The first step uses some rules of thumb to find values in the header and context of the table, to reshape the tables so they are easier to compare to each other.

The next step clusters the tables together by efficiently finding sets of possibly related tables, calculating a graph of their similarity, dividing this up into clusters, which are estimated to express similar kinds of facts. All the tables in a cluster are then merged together into a single one.

Because the merged table is much bigger than the originals, it's easier to integrate it with a knowledge base. In this step, we also introduced a new way to extract facts which involve multiple entities and values, like the rank a song had in a music chart at some point in time.

With this sequence of steps, we were able to deal with a large diversity of structures, schemas, and semantics that occur in real-world tables.

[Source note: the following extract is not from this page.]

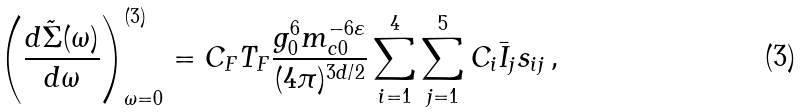Convert formula to latex. <formula><loc_0><loc_0><loc_500><loc_500>\left ( \frac { d \tilde { \Sigma } ( \omega ) } { d \omega } \right ) ^ { ( 3 ) } _ { \omega = 0 } = C _ { F } T _ { F } \frac { g _ { 0 } ^ { 6 } m _ { c 0 } ^ { - 6 \varepsilon } } { ( 4 \pi ) ^ { 3 d / 2 } } \sum _ { i = 1 } ^ { 4 } \sum _ { j = 1 } ^ { 5 } C _ { i } \bar { I } _ { j } s _ { i j } \, ,</formula>

From one and a half million tables on Wikipedia, the method was able to extract 21 million new facts at high precision.

For the challenge of using tables to build a knowledge base in a new domain, we developed a technique to extract information from tables in scientific publications to create an entity-linked knowledge base. Instead of first creating a large amount of background knowledge for the new domain, our goal was to minimize the manual effort needed to perform this task.

Because we assume that there is no knowledge base available yet on this domain, the first step is to manually create definitions of what type of concepts we intend to extract, based on the selection of the data. The next step involves training a machine learning algorithm to interpret the tables. This usually involves creating a large dataset of manually annotated examples, which is lots of work. Instead we only wrote heuristics which were used to train the algorithm in an approximate way. Then we use a powerful logical reasoning program to create entities from matching table cells based on manually written rules.

The resulting knowledge base combines information from the metadata of the papers such as who wrote them and which papers they cite with predicted concepts and entities mentioned in the tables of those papers. This could be useful for supporting powerful search engines that find scientific results in published research papers. More generally, this research shows the large potential of combining machine learning and logical reasoning for information extraction.

To conclude, the work that I describe in my PhD thesis makes an effort to address several challenges that arise when extending knowledge bases from human-readable tables. All techniques that I described make sensible use of some carefully designed background knowledge to overcome these challenges in an effective way. I believe these techniques can contribute to future solutions for finding information in large collections of data. Thank you for your attention. I am now ready to defend my dissertation.